Elizabeth Marshall Thomas was born September 13, 1931 to Laurence K. Marshall, founder of Raytheon Corporation, and Lorna McLean Marshall. She grew up in Cambridge, Massachusetts, graduated from Abbot Academy in Andover, Massachusetts in 1949, and then attended Smith College in Northampton, Massachusetts. After one year at Smith, her father retired from Raytheon and led the family on an anthropological expedition to the Kalahari Desert in southern Africa. The Marshall family was among the first to meet and study the Bushmen. They returned to the Kalahari many times in the next few years and often stayed for up to a year. From notes that she took during her experiences, she wrote The Harmless People (1959).
In 1954, Elizabeth Marshall Thomas graduated from Radcliffe College in Cambridge, Massachusetts with a degree in English. As a student, she wrote a fictional account of the Bushmen that won a short story contest in Mademoiselle. “The Hill People” was later published in the Best of American Short Stories of 1953.
In 1956, she married Stephen Thomas. They have two children, Stephanie and Ramsey. With them she returned to Africa to study the Doboth people. Her account of these experiences was titled Warrior Herdsmen (1965).
Although Elizabeth Marshall Thomas was not trained as an anthropologist, she keenly observed and recorded the lives of the Bushmen of the Kalahari Desert of southern Africa. In her account of these experiences, she presents a clear picture of the customs and the daily lives of a people living in very primitive conditions. The hunting and gathering activities are clearly described in a style reads as a novel rather than an ethnographic (anthropological) study. Hunters, vain young women, young boys, older women, the landscape, the plants and the animals are vividly portrayed. The reader is caught up in the everyday life and drama of the Bushmen as well as their ongoing struggle for survival.
Over the years, Elizabeth Marshall Thomas has written many articles and books including some novels. Most recently she published The Hidden Life of Dogs (1993) and The Tribe of the Tiger (1994). Most fascinating of her novels is The Reindeer Moon (1987), which is the story of a young girl in a prehistoric culture. Using knowledge that she gained from living with and observing primitive societies, Marshall Thomas was able to create a virtual culture and lifestyle of persons living in precarious situations. Elizabeth Marshall Thomas is a keen observer of the lives of others. These observations have done much to advance the knowledge of the Bushmen of the Kalahari Desert.

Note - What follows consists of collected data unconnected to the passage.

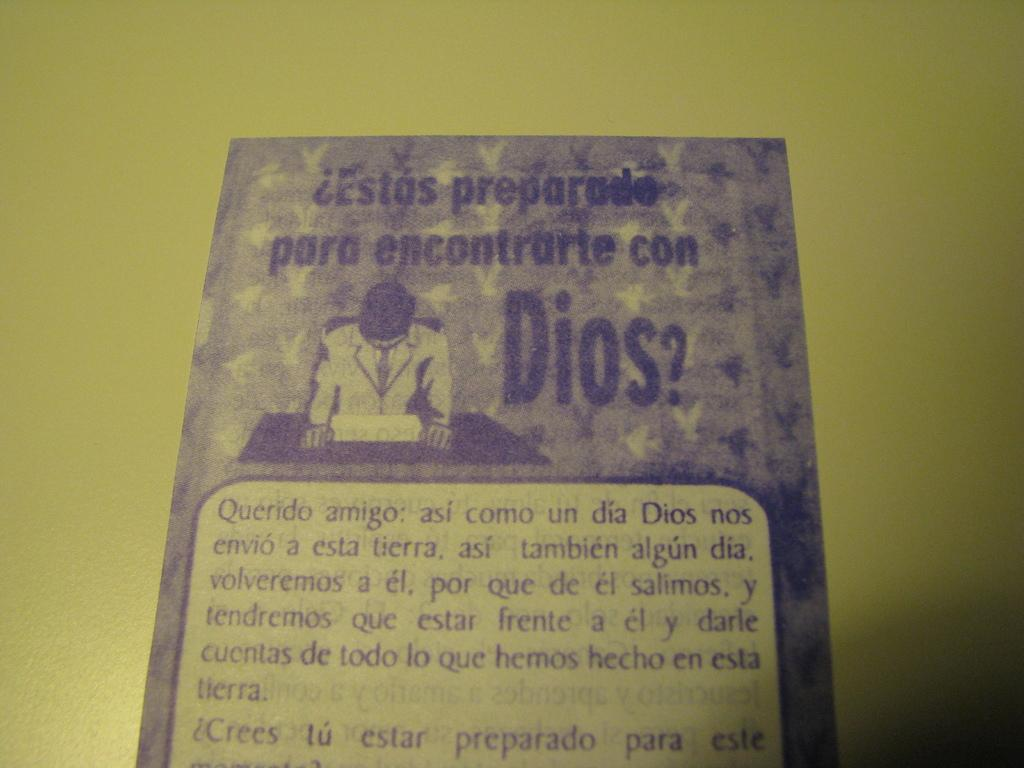<image>
Share a concise interpretation of the image provided. A small pamphlet that says are you ready to meet god written in spanish. 
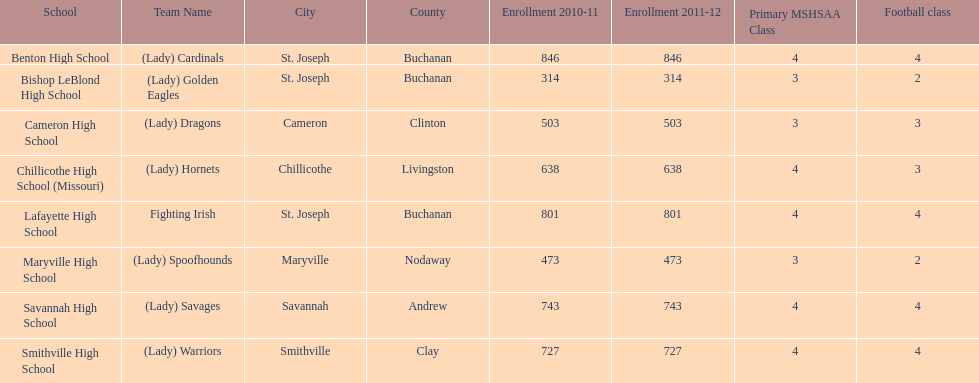Benton high school and bishop leblond high school are both located in what town? St. Joseph. 
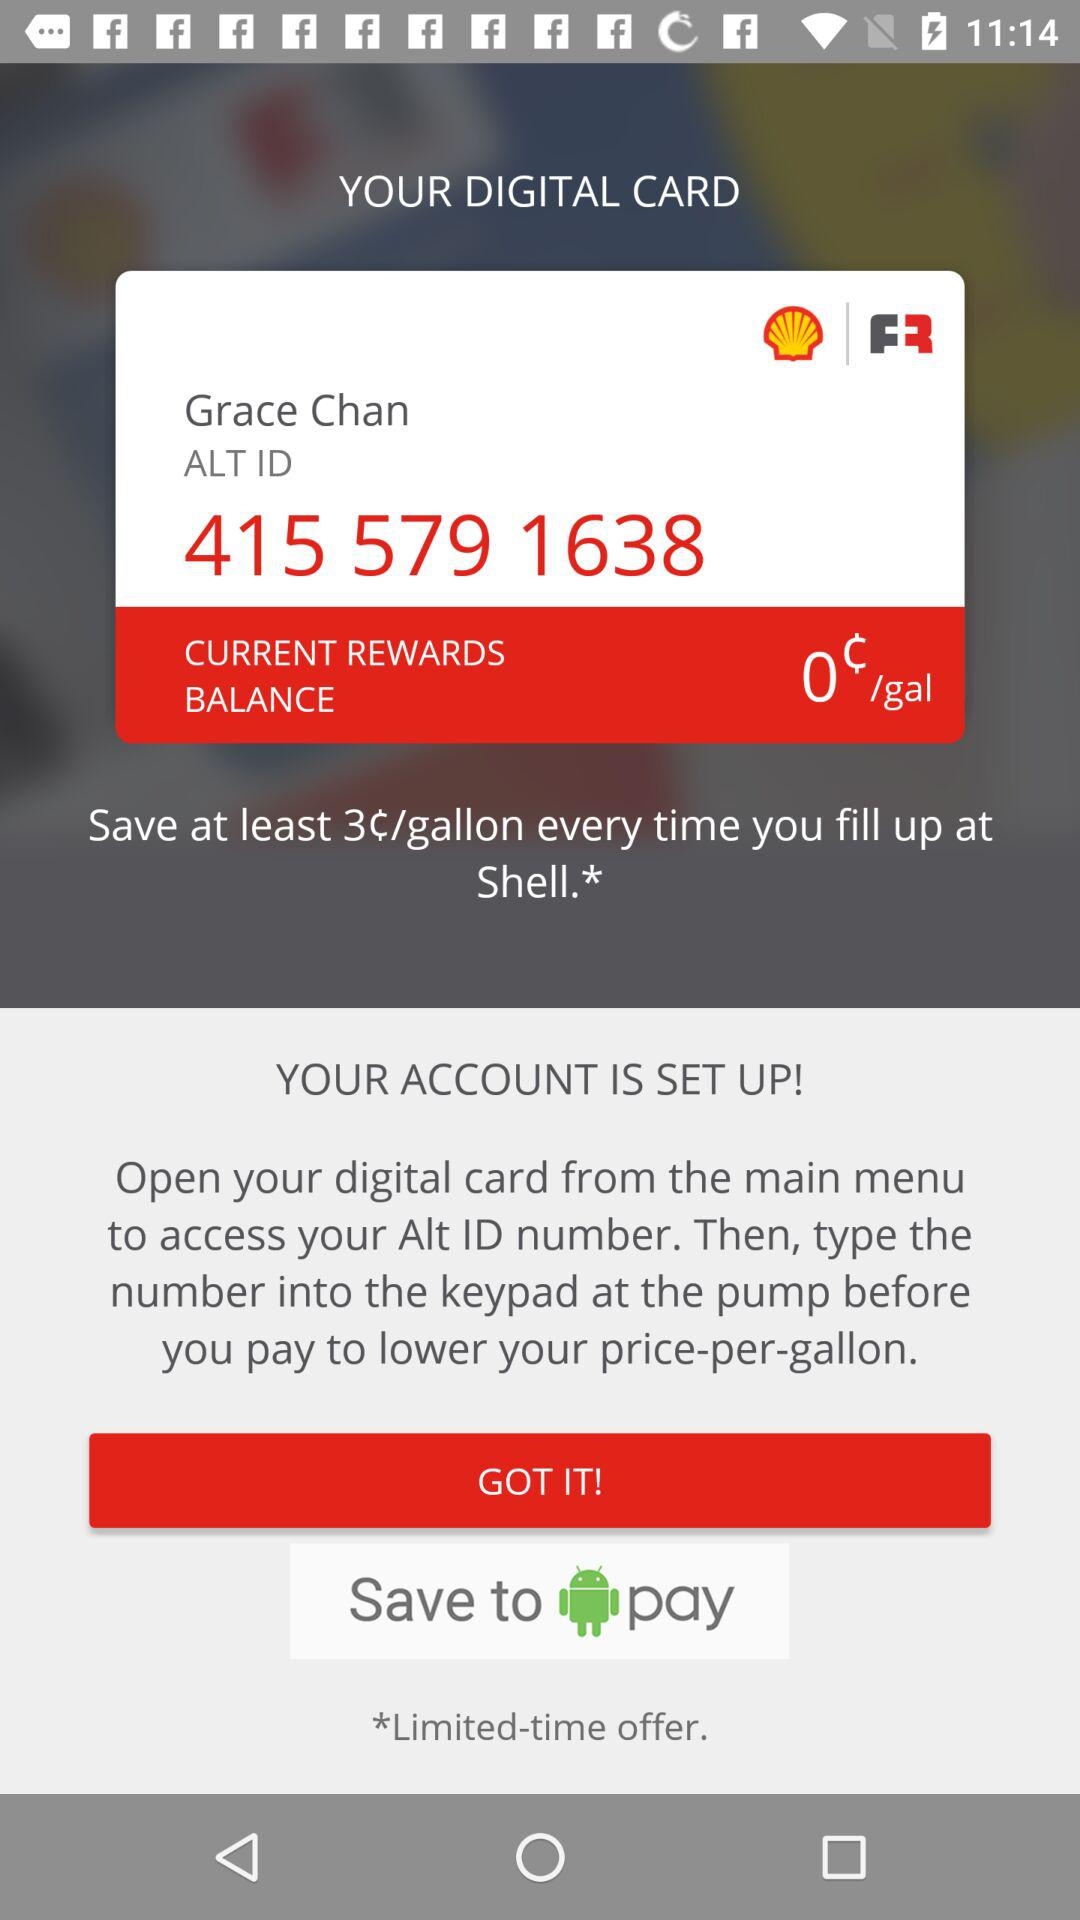What is the name on the card? The name is Grace Chan.

Her novels are important because they translate her observations of human life into believable fictional cultures. It is well worth one’s time to read and study Thomas’s work.
References:
- Thomas, E. M. (1959). The harmless people. New York: Alfred A. Knopf.
- Thomas, E. M. (1981). Warrior herdsmen. New York: W. W. Norton.
- Thomas, E. M. (1987). Reindeer moon. Boston: Houghton Mifflin.